[Brief]: Retype every entry below without pictures.

[Supplied data]:
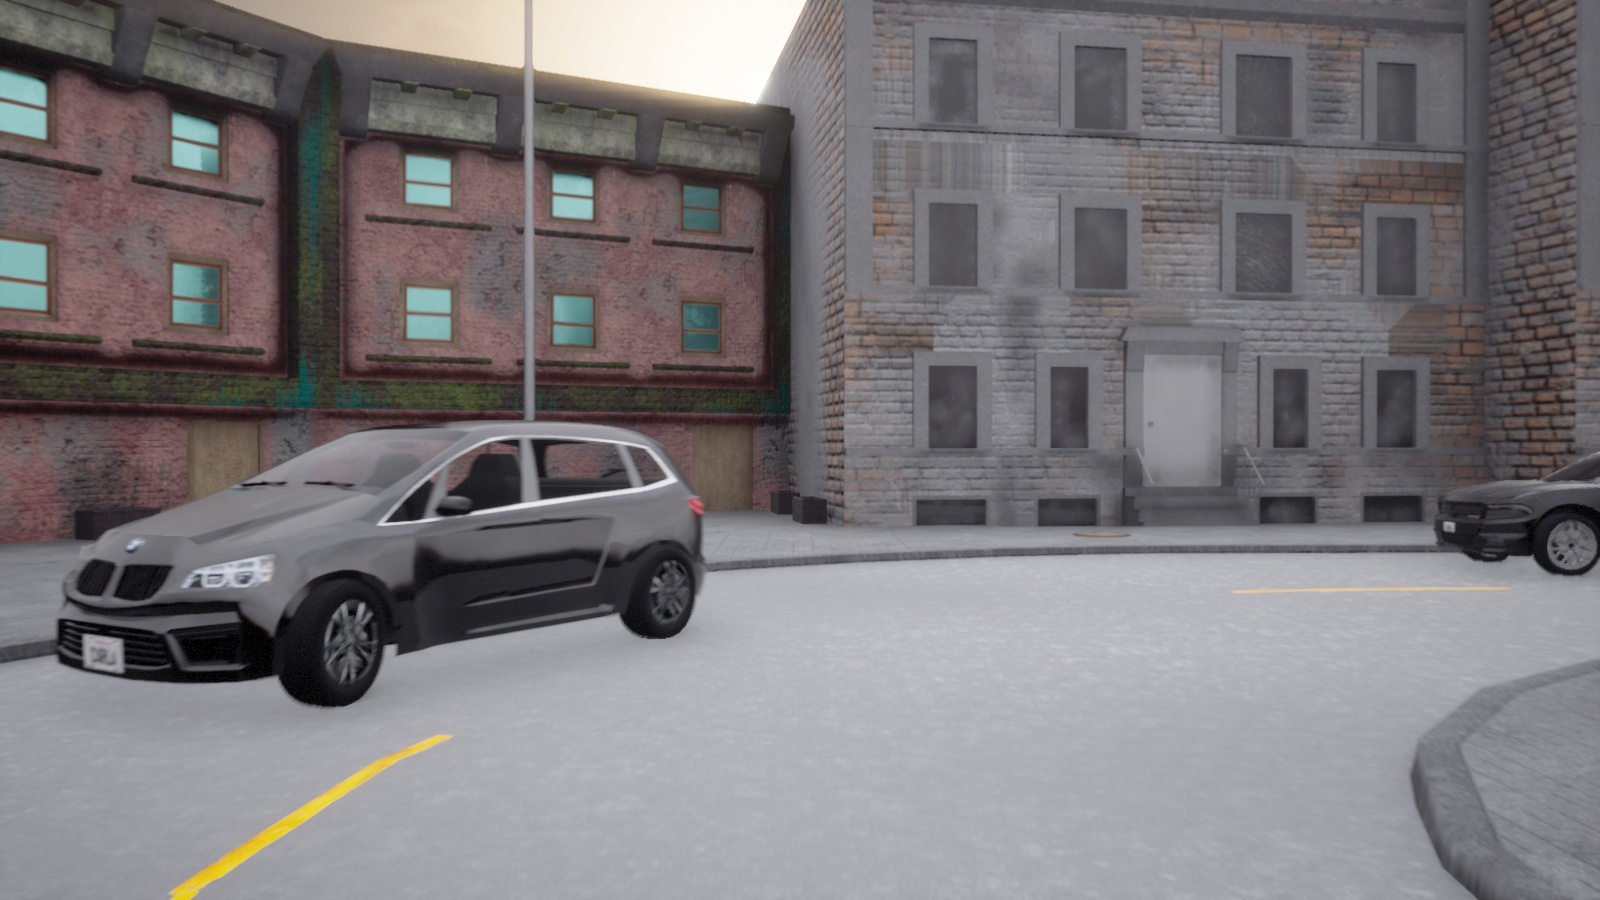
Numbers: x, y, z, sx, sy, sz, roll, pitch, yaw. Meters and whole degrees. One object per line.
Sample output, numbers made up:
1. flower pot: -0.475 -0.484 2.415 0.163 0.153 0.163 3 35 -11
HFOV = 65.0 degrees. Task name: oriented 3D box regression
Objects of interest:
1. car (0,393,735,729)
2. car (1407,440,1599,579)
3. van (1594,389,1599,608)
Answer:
1. car: -2.705 0.541 8.788 2.242 1.667 4.611 0 0 32
2. car: 10.081 0.649 14.735 5.008 1.535 1.882 0 0 0
3. van: 9.527 0.446 10.713 4.442 1.987 1.775 0 0 -3

[Answer section]:
Numbers: x, y, z, sx, sy, sz, roll, pitch, yaw. Meters and whole degrees. One object per line.
Sample output, numbers made up:
1. flower pot: -0.475 -0.484 2.415 0.163 0.153 0.163 3 35 -11
HFOV = 65.0 degrees. Task name: oriented 3D box regression
Objects of interest:
1. car (0,393,735,729)
2. car (1407,440,1599,579)
3. van (1594,389,1599,608)
Answer:
1. car: -2.705 0.541 8.788 2.242 1.667 4.611 0 0 32
2. car: 10.081 0.649 14.735 5.008 1.535 1.882 0 0 0
3. van: 9.527 0.446 10.713 4.442 1.987 1.775 0 0 -3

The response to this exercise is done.